ROVI’s corporate governance takes the updated recommendations applicable to the Company into account. In particular, its internal regulations are adapted to the National Securities Market Commission’s (CNMV) Good Governance Code of Listed Companies, as well as its Technical Guide 3/2017 on audit committees at public-interest entities and Technical Guide 1/2019 on nomination and remuneration committees.
The Board of Directors is the Company’s chief decision-making, oversight and control body, except in matters reserved to the General Shareholders’ Meeting. It is responsible for approving the Risk Control and Management Policy, including both financial and non-financial risks, and periodically monitoring the internal information and control systems. The committees that report to the Board of Directors are the Audit Committee and the Nomination and Remuneration Commission.
Additionally, the Board of Directors integrates ESG criteria into its day-to-day management and activity. Specifically, it oversees ESG strategy and policy and guarantees that these aspects are implemented throughout the Company. In this respect, in December 2022, ROVI’s Board of Directors approved an ESG Master Plan at three years (2023-2025) as a roadmap to follow. It establishes strategic goals with which ROVI can aspire to continue to enhance its performance and extend its commitment throughout its value chain and with its stakeholders.
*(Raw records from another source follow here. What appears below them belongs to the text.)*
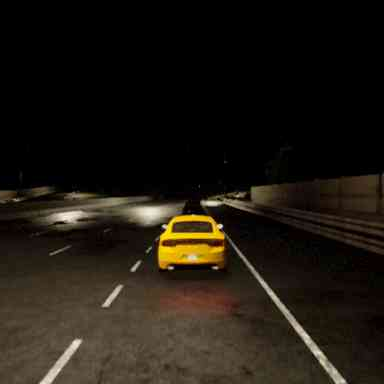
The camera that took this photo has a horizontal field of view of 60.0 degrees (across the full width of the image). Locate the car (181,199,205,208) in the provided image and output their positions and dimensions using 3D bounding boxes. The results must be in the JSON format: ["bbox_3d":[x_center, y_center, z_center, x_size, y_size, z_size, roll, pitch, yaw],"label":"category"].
[{"bbox_3d":[0.088,1.623,29.124,1.837,1.490,4.892,0,0,0],"label":"car"}]

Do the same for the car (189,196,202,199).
[{"bbox_3d":[0.184,1.673,45.560,1.882,1.535,5.008,0,0,0],"label":"car"}]

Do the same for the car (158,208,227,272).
[{"bbox_3d":[0.023,1.519,10.929,1.882,1.535,5.008,0,0,0],"label":"car"}]

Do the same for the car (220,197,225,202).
[{"bbox_3d":[9.168,2.044,88.125,1.895,1.301,4.718,0,-1,24],"label":"car"}]
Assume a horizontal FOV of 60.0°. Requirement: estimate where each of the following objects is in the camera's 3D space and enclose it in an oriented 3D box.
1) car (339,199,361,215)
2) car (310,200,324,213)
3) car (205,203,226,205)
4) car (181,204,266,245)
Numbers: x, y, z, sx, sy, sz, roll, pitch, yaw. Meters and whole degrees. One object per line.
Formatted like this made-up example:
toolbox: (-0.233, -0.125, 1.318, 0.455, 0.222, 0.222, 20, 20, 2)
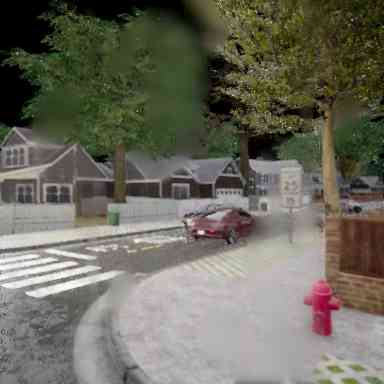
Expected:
car: (14.693, 1.423, 31.705, 2.128, 1.511, 4.902, 0, 0, 39)
car: (14.455, 1.547, 36.025, 1.895, 1.301, 4.718, 0, 0, 40)
car: (1.352, 1.423, 19.445, 2.128, 1.511, 4.902, 0, 0, 37)
car: (1.725, 1.442, 15.098, 1.812, 1.442, 4.674, 0, 0, 37)
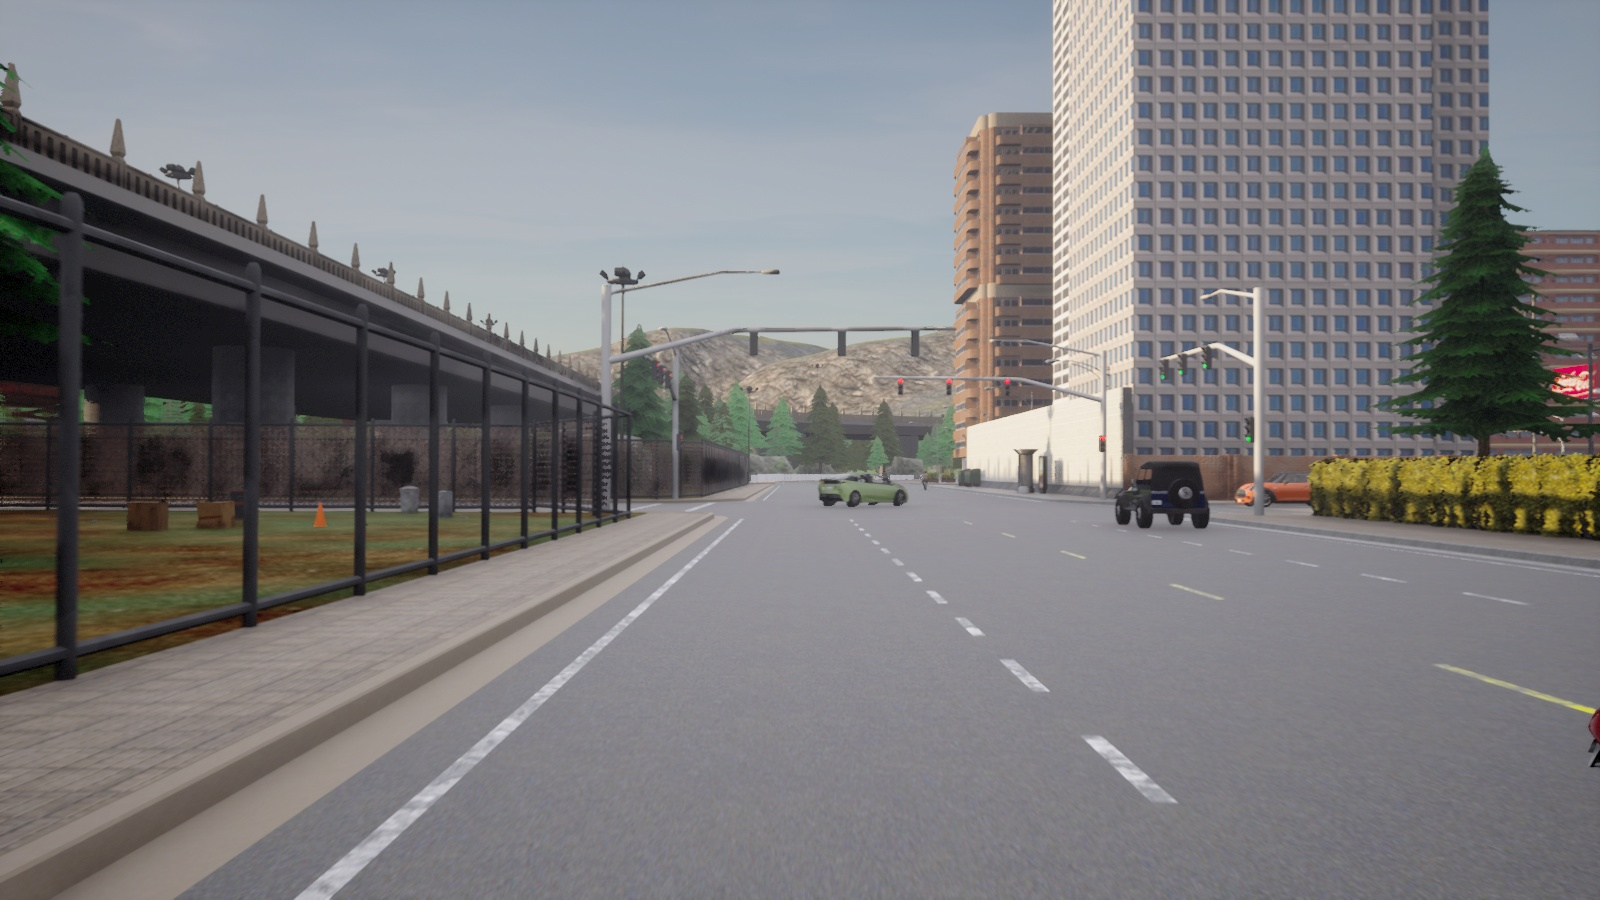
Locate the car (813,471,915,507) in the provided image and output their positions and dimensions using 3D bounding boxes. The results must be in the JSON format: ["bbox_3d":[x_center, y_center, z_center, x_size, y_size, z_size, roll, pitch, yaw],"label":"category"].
[{"bbox_3d":[2.921,1.722,56.615,4.514,1.525,2.007,1,-1,-42],"label":"car"}]

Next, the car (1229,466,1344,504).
[{"bbox_3d":[22.902,1.629,59.236,4.553,1.767,2.097,0,-1,0],"label":"car"}]

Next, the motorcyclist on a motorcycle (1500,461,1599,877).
[{"bbox_3d":[3.488,0.830,4.549,0.866,1.590,1.817,0,-1,0],"label":"motorcyclist on a motorcycle"}]

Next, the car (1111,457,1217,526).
[{"bbox_3d":[10.409,1.174,36.175,1.905,1.878,3.866,0,-1,0],"label":"car"}]

Likewise, we highlight the fact that the remuneration of the Board members who perform executive functions takes ESG criteria into account. Specifically, their remuneration is linked to the attainment of individual objectives, based on non-financial indicators. Since 2021, in addition to these objectives, the variable long-term remuneration has included certain qualitative parameters associated to objectives related to the pharmaceutical industry (GMP – Good Manufacturing Practices).